Anything you put down is going to sink in the ground. You'll be adding more on top eventually. Those plastic honey combs will break up under the load of the camper, regardless if you use sand, gravel, or dirt. They only thing that may keep them from breaking up is concrete itself. But, in due time, the concrete honeycombs will settle also, especially under the weight of the tires.

As someone stated above, your best option (really), is to use simple gravel. Put in a good base bed (larger stone), and then put smaller on top. Make a border edge to hold the stone in so it won't spread out, and it will look more decorative.

I did this exact thing at our house when we lived in town. It worked. It worked well. I laid about 8 inches of gravel (I did not have a base). Yes, it still sunk where the tires rested. I rake some of the loose gravel over the low spots when the trailer was pulled out.
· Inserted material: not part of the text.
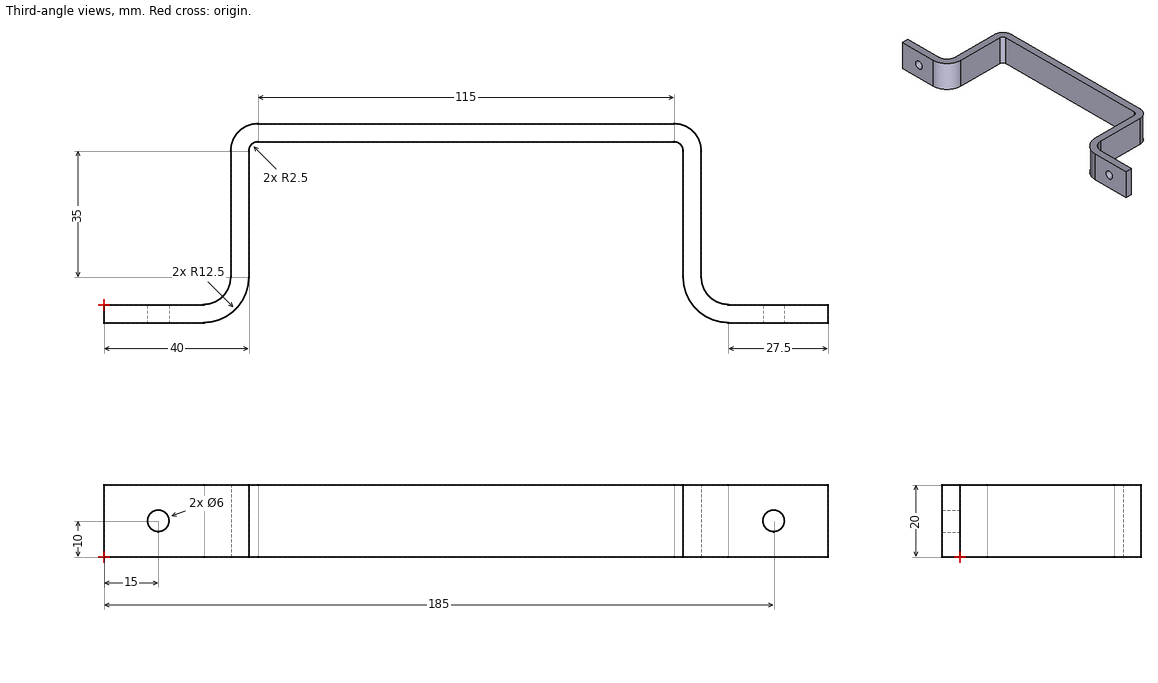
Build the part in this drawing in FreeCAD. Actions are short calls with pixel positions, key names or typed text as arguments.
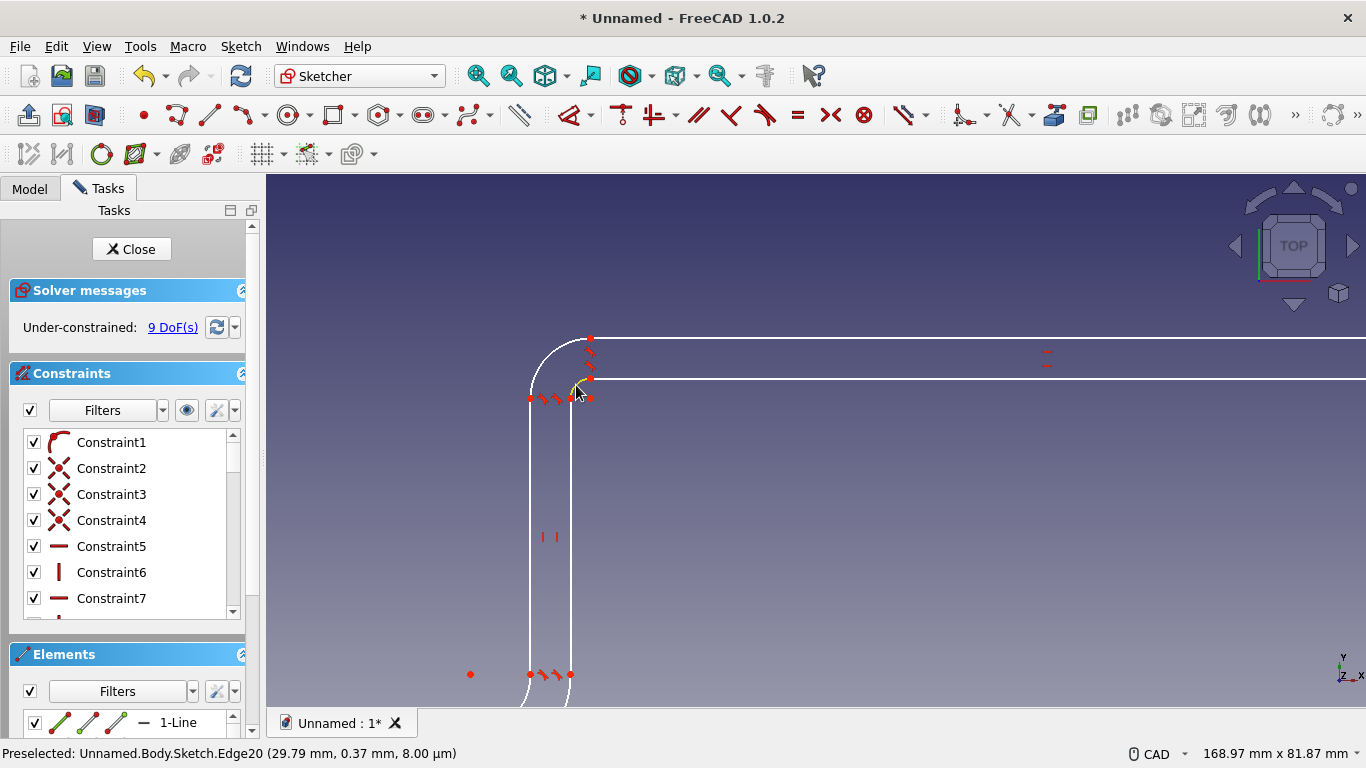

Eventually, the sinking stopped.

Now, we live in a completely different house in the country. The trailer sits on an asphalt drive way. Where the tires sit, closest to the edge, the asphalt has sunk (probably a total of 8 or 9 inches now). I keep adding more asphalt on top of that spot. It keeps sinking. About every year, I have to add another top layer, a couple inches. This is something similar to what I use: Click here.

My suggestion ... just use gravel with a timbered edge.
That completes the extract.